There is no way we could possibly say thank you enough for all the prayers and support sent Keegan's way.  Words simply fail us when we try to explain how much each of you mean to us on this journey.  Thank you so very much.

Audrey spent a good part of the day entertaining us yesterday.
She's our "spirited" child, according to her teachers.

This bit of sweet adorableness spirited? No! ;)

Calling out for the "fishies" in the hospital garden.

Our little mignon - starting to feel a little better each day.

Tuesday, May 1, 2012

Silent scream

I managed to keep my cool today, but I have been silently screaming all day.

I'm mad.

Mad at many things both controllable and not.

The cultures all grew out our old friend from a few years ago, staph epi.  So far, yesterday's culture is still negative.  We will run IV antibiotics for 10 days from the first negative culture.  I promise to explain more when I can calm down.  Honestly, we are getting mixed information from transplant, infectious disease, and haven't seen rheumatology at all since we've been here.
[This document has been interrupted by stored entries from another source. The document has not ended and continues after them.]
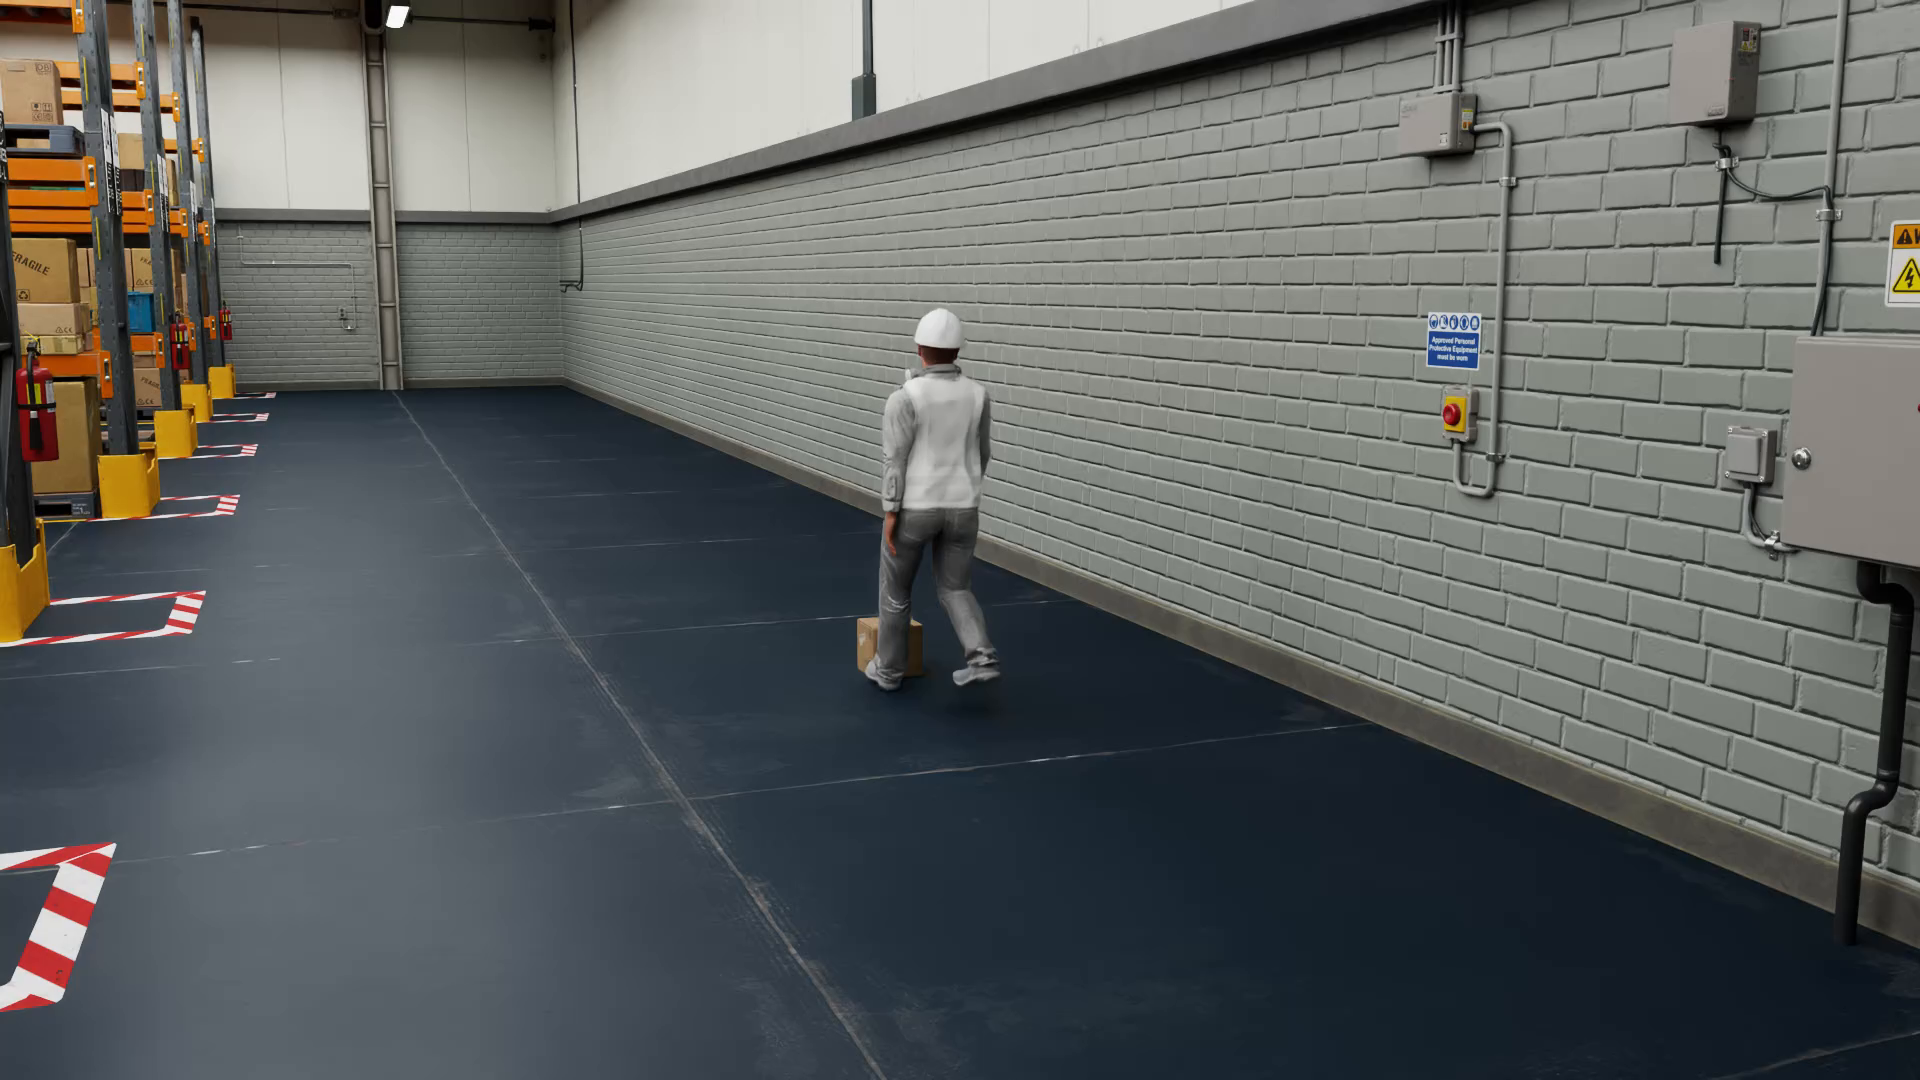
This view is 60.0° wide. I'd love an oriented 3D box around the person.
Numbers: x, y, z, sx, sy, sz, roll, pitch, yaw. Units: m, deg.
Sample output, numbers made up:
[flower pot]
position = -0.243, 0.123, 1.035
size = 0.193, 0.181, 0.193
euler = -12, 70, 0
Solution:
[person]
position = -0.133, -0.159, 7.462
size = 0.549, 1.747, 0.844
euler = -4, 10, -25
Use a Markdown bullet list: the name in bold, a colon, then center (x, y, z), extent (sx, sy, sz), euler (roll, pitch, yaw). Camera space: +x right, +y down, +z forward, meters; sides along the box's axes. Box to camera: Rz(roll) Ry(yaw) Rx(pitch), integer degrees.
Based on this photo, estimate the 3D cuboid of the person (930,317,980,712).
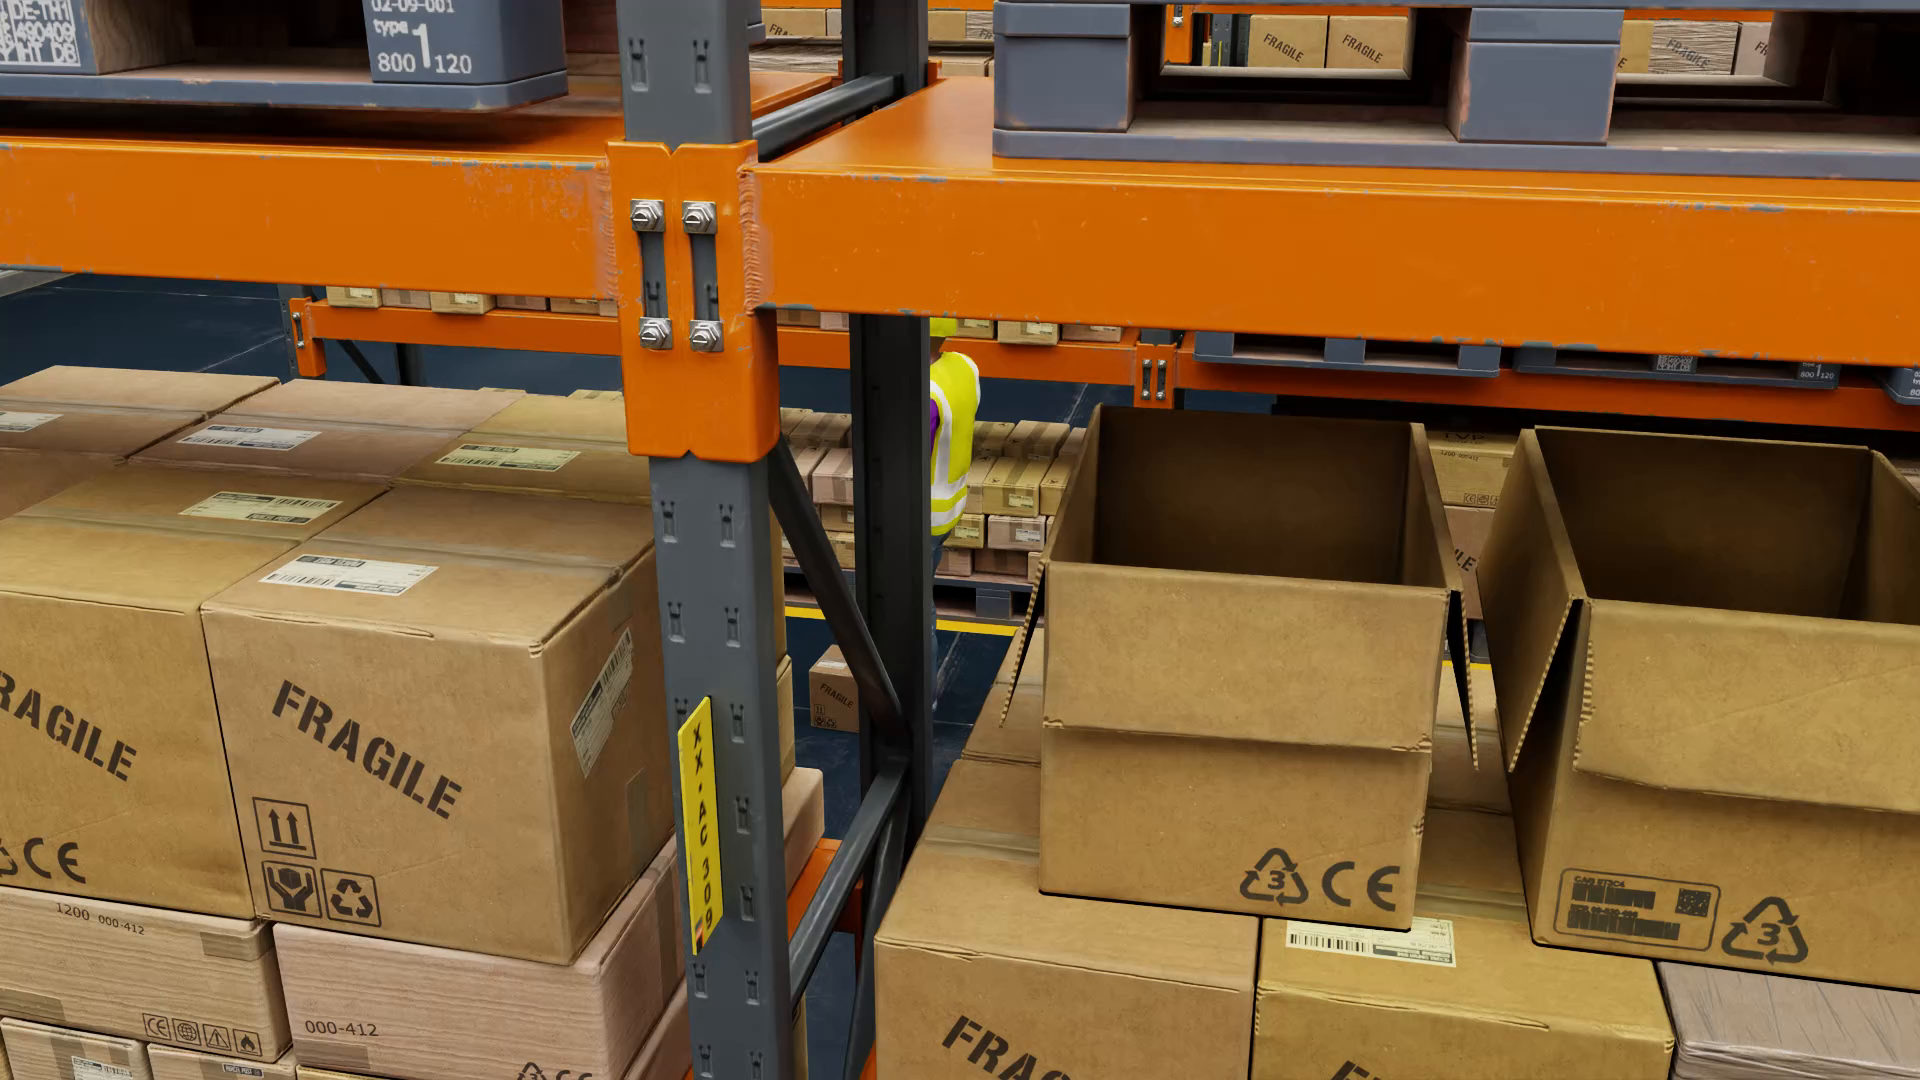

The big question is whether or not we will have to pull his port and put a clean one in.  Usually, it's a three-strike rule, but with the bigger drugs we are discussing, the risk of sepsis from a looming bacteria may be too great.  These are all things we need to decide but can't get everyone together to talk about yet. Despite the fact that we are inpatient.


Deep breath.

Thankfully, Keegan is very stable through it.  We managed to keep him from having a full MAS flare in response to the infection, and the last dose of pulse steroids are tomorrow.  What a huge blessing that the steroids were enough to calm without making the infection worse!

Not feeling too hot, but he managed to get down to the garden for a bit today.

I sure hope I have more information to share tomorrow, as well as the presence of mind and energy to share it.  We are beyond grateful for and humbled by every prayer for Keegan's safety and recovery.  Keep them coming....they work!  Thank you so much.